That's a great reply, thank you ionatan.

I'll try to seek out what the "most optimal" answer is, without libraries.


#4

Oh don't go for it. It's far beyond what's expected at this level. Sorting it and picking out the middle element(s) is about as good as can be expected.

You can have a look at quick-select on wikipedia if you want.


#5

Thanks for the tip!

The other answers (the ones that I guess Codecademy was giving hints for) all seem to do everything in one if/else statement. That's much better than what I have. How would we be able to approximate the speed? Any resources I should look to to understand computing speed and good code?


#6

Here's a start: https://en.wikipedia.org/wiki/Computational_complexity_theory
But it's all just thinking about how long things take relative to input size and how many times they are repteated.
For example, min and max for a list requires looping through the whole list. (N iterations) if you do this once for each value in the list, then N iterations are repeated N times, for a total of N * N (quadratic).
Removing at the front of a list means moving all following elements. Removing at the end is constant time. Removing a fixed number of steps from the end is also constant time. Removing N steps from the end takes N time.

The existence of different data structures is often to provide different trade-offs of functionality and speed of operations.

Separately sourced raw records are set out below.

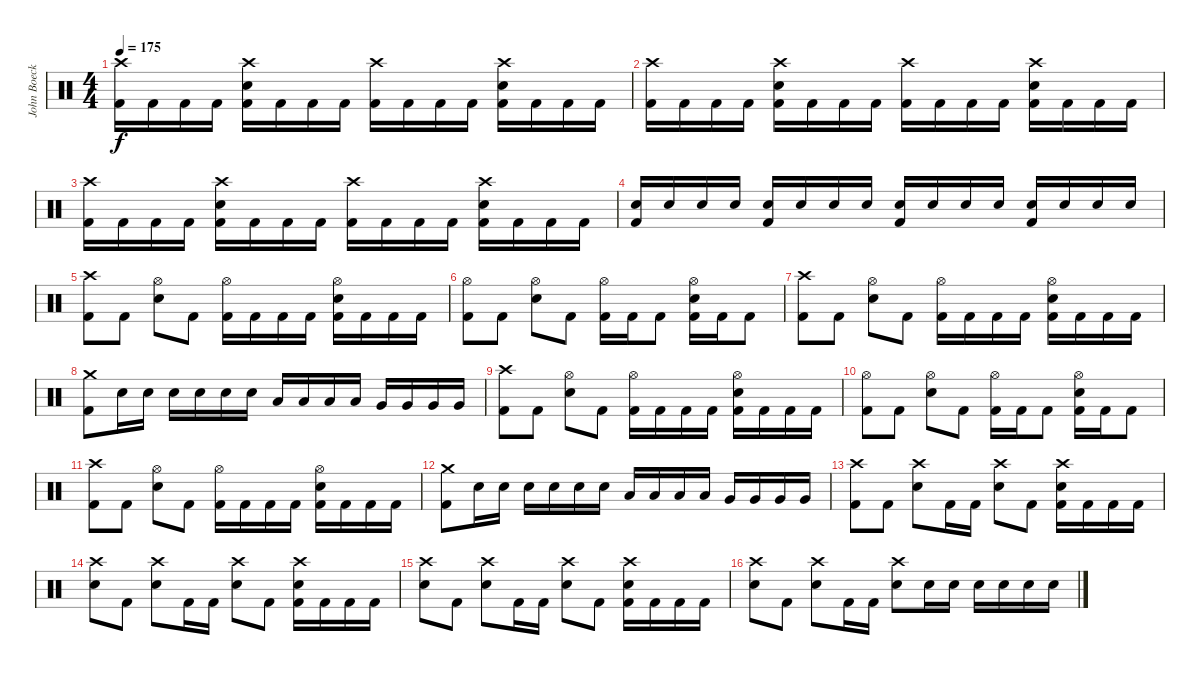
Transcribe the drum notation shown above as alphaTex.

\track ("John Boecklin (Drums)" "John Boeck") {instrument percussion}
\staff {score}
\articulation defaults
\ts (4 4)
\tempo 175
\clef neutral
\ks c
("Crash high (hit)" "Kick (hit) 2").16{dy f} "Kick (hit) 2".16 "Kick (hit) 2".16 "Kick (hit) 2".16 ("Crash high (hit)" "Snare (hit) 2" "Kick (hit) 2").16 "Kick (hit) 2".16 "Kick (hit) 2".16 "Kick (hit) 2".16 ("Crash high (hit)" "Kick (hit) 2").16 "Kick (hit) 2".16 "Kick (hit) 2".16 "Kick (hit) 2".16 ("Crash high (hit)" "Snare (hit) 2" "Kick (hit) 2").16 "Kick (hit) 2".16 "Kick (hit) 2".16 "Kick (hit) 2".16 |
("Crash high (hit)" "Kick (hit) 2").16 "Kick (hit) 2".16 "Kick (hit) 2".16 "Kick (hit) 2".16 ("Crash high (hit)" "Snare (hit) 2" "Kick (hit) 2").16 "Kick (hit) 2".16 "Kick (hit) 2".16 "Kick (hit) 2".16 ("Crash high (hit)" "Kick (hit) 2").16 "Kick (hit) 2".16 "Kick (hit) 2".16 "Kick (hit) 2".16 ("Crash high (hit)" "Snare (hit) 2" "Kick (hit) 2").16 "Kick (hit) 2".16 "Kick (hit) 2".16 "Kick (hit) 2".16 |
("Crash high (hit)" "Kick (hit) 2").16 "Kick (hit) 2".16 "Kick (hit) 2".16 "Kick (hit) 2".16 ("Crash high (hit)" "Snare (hit) 2" "Kick (hit) 2").16 "Kick (hit) 2".16 "Kick (hit) 2".16 "Kick (hit) 2".16 ("Crash high (hit)" "Kick (hit) 2").16 "Kick (hit) 2".16 "Kick (hit) 2".16 "Kick (hit) 2".16 ("Crash high (hit)" "Snare (hit) 2" "Kick (hit) 2").16 "Kick (hit) 2".16 "Kick (hit) 2".16 "Kick (hit) 2".16 |
("Kick (hit) 2" "Snare (hit) 2").16 "Snare (hit) 2".16 "Snare (hit) 2".16 "Snare (hit) 2".16 ("Kick (hit) 2" "Snare (hit) 2").16 "Snare (hit) 2".16 "Snare (hit) 2".16 "Snare (hit) 2".16 ("Kick (hit) 2" "Snare (hit) 2").16 "Snare (hit) 2".16 "Snare (hit) 2".16 "Snare (hit) 2".16 ("Kick (hit) 2" "Snare (hit) 2").16 "Snare (hit) 2".16 "Snare (hit) 2".16 "Snare (hit) 2".16 |
("Crash high (hit)" "Kick (hit) 2").8 "Kick (hit) 2".8 ("Hi-Hat (open)" "Snare (hit) 2").8 "Kick (hit) 2".8 ("Hi-Hat (open)" "Kick (hit) 2").16 "Kick (hit) 2".16 "Kick (hit) 2".16 "Kick (hit) 2".16 ("Hi-Hat (open)" "Snare (hit) 2" "Kick (hit) 2").16 "Kick (hit) 2".16 "Kick (hit) 2".16 "Kick (hit) 2".16 |
("Hi-Hat (open)" "Kick (hit) 2").8 "Kick (hit) 2".8 ("Hi-Hat (open)" "Snare (hit) 2").8 "Kick (hit) 2".8 ("Hi-Hat (open)" "Kick (hit) 2").16 "Kick (hit) 2".16 "Kick (hit) 2".8 ("Hi-Hat (open)" "Snare (hit) 2" "Kick (hit) 2").16 "Kick (hit) 2".16 "Kick (hit) 2".8 |
("Crash high (hit)" "Kick (hit) 2").8 "Kick (hit) 2".8 ("Hi-Hat (open)" "Snare (hit) 2").8 "Kick (hit) 2".8 ("Hi-Hat (open)" "Kick (hit) 2").16 "Kick (hit) 2".16 "Kick (hit) 2".16 "Kick (hit) 2".16 ("Hi-Hat (open)" "Snare (hit) 2" "Kick (hit) 2").16 "Kick (hit) 2".16 "Kick (hit) 2".16 "Kick (hit) 2".16 |
("Crash medium (hit)" "Kick (hit) 2").8 "Snare (hit) 2".16 "Snare (hit) 2".16 "Snare (hit) 2".16 "Snare (hit) 2".16 "Snare (hit) 2".16 "Snare (hit) 2".16 "Low Tom (hit)".16 "Low Tom (hit)".16 "Low Tom (hit)".16 "Low Tom (hit)".16 "Very Low Tom (hit)".16 "Very Low Tom (hit)".16 "Very Low Tom (hit)".16 "Very Low Tom (hit)".16 |
("Crash high (hit)" "Kick (hit) 2").8 "Kick (hit) 2".8 ("Hi-Hat (open)" "Snare (hit) 2").8 "Kick (hit) 2".8 ("Hi-Hat (open)" "Kick (hit) 2").16 "Kick (hit) 2".16 "Kick (hit) 2".16 "Kick (hit) 2".16 ("Hi-Hat (open)" "Snare (hit) 2" "Kick (hit) 2").16 "Kick (hit) 2".16 "Kick (hit) 2".16 "Kick (hit) 2".16 |
("Hi-Hat (open)" "Kick (hit) 2").8 "Kick (hit) 2".8 ("Hi-Hat (open)" "Snare (hit) 2").8 "Kick (hit) 2".8 ("Hi-Hat (open)" "Kick (hit) 2").16 "Kick (hit) 2".16 "Kick (hit) 2".8 ("Hi-Hat (open)" "Snare (hit) 2" "Kick (hit) 2").16 "Kick (hit) 2".16 "Kick (hit) 2".8 |
("Crash high (hit)" "Kick (hit) 2").8 "Kick (hit) 2".8 ("Hi-Hat (open)" "Snare (hit) 2").8 "Kick (hit) 2".8 ("Hi-Hat (open)" "Kick (hit) 2").16 "Kick (hit) 2".16 "Kick (hit) 2".16 "Kick (hit) 2".16 ("Hi-Hat (open)" "Snare (hit) 2" "Kick (hit) 2").16 "Kick (hit) 2".16 "Kick (hit) 2".16 "Kick (hit) 2".16 |
("Crash medium (hit)" "Kick (hit) 2").8 "Snare (hit) 2".16 "Snare (hit) 2".16 "Snare (hit) 2".16 "Snare (hit) 2".16 "Snare (hit) 2".16 "Snare (hit) 2".16 "Low Tom (hit)".16 "Low Tom (hit)".16 "Low Tom (hit)".16 "Low Tom (hit)".16 "Very Low Tom (hit)".16 "Very Low Tom (hit)".16 "Very Low Tom (hit)".16 "Very Low Tom (hit)".16 |
("Crash high (hit)" "Kick (hit) 2").8 "Kick (hit) 2".8 ("Crash high (hit)" "Snare (hit) 2").8 "Kick (hit) 2".16 "Kick (hit) 2".16 ("Crash high (hit)" "Snare (hit) 2").8 "Kick (hit) 2".8 ("Crash high (hit)" "Snare (hit) 2" "Kick (hit) 2").16 "Kick (hit) 2".16 "Kick (hit) 2".16 "Kick (hit) 2".16 |
("Crash high (hit)" "Snare (hit) 2").8 "Kick (hit) 2".8 ("Crash high (hit)" "Snare (hit) 2").8 "Kick (hit) 2".16 "Kick (hit) 2".16 ("Crash high (hit)" "Snare (hit) 2").8 "Kick (hit) 2".8 ("Crash high (hit)" "Snare (hit) 2" "Kick (hit) 2").16 "Kick (hit) 2".16 "Kick (hit) 2".16 "Kick (hit) 2".16 |
("Crash high (hit)" "Snare (hit) 2").8 "Kick (hit) 2".8 ("Crash high (hit)" "Snare (hit) 2").8 "Kick (hit) 2".16 "Kick (hit) 2".16 ("Crash high (hit)" "Snare (hit) 2").8 "Kick (hit) 2".8 ("Crash high (hit)" "Snare (hit) 2" "Kick (hit) 2").16 "Kick (hit) 2".16 "Kick (hit) 2".16 "Kick (hit) 2".16 |
("Crash high (hit)" "Snare (hit) 2").8 "Kick (hit) 2".8 ("Crash high (hit)" "Snare (hit) 2").8 "Kick (hit) 2".16 "Kick (hit) 2".16 ("Crash high (hit)" "Snare (hit) 2").8 "Snare (hit) 2".16 "Snare (hit) 2".16 "Snare (hit) 2".16 "Snare (hit) 2".16 "Snare (hit) 2".16 "Snare (hit) 2".16

Finding out if a key is present in a dict or set takes constant time because they are hashmaps. Sometimes trees are used instead, those have log N time lookup but instead have the property that the values are sorted at all times while a hashmap is unordered. min and max for a binary search tree takes log N time, that's better than for both list and dict/set

As long as you're not doing something in real-time (low latency) you'll probably only be concerned with how much additional time is required as input grows. If it's all 100 times slower then that's still negligible for many purposes, it's a constant factor. If there's a large initialisation then you'd still be okay for throughput but latency might suffer greatly and perhaps the initialisation could be done as-needed instead and cache the results until next time it's used.


#7

This topic was automatically closed 7 days after the last reply. New replies are no longer allowed.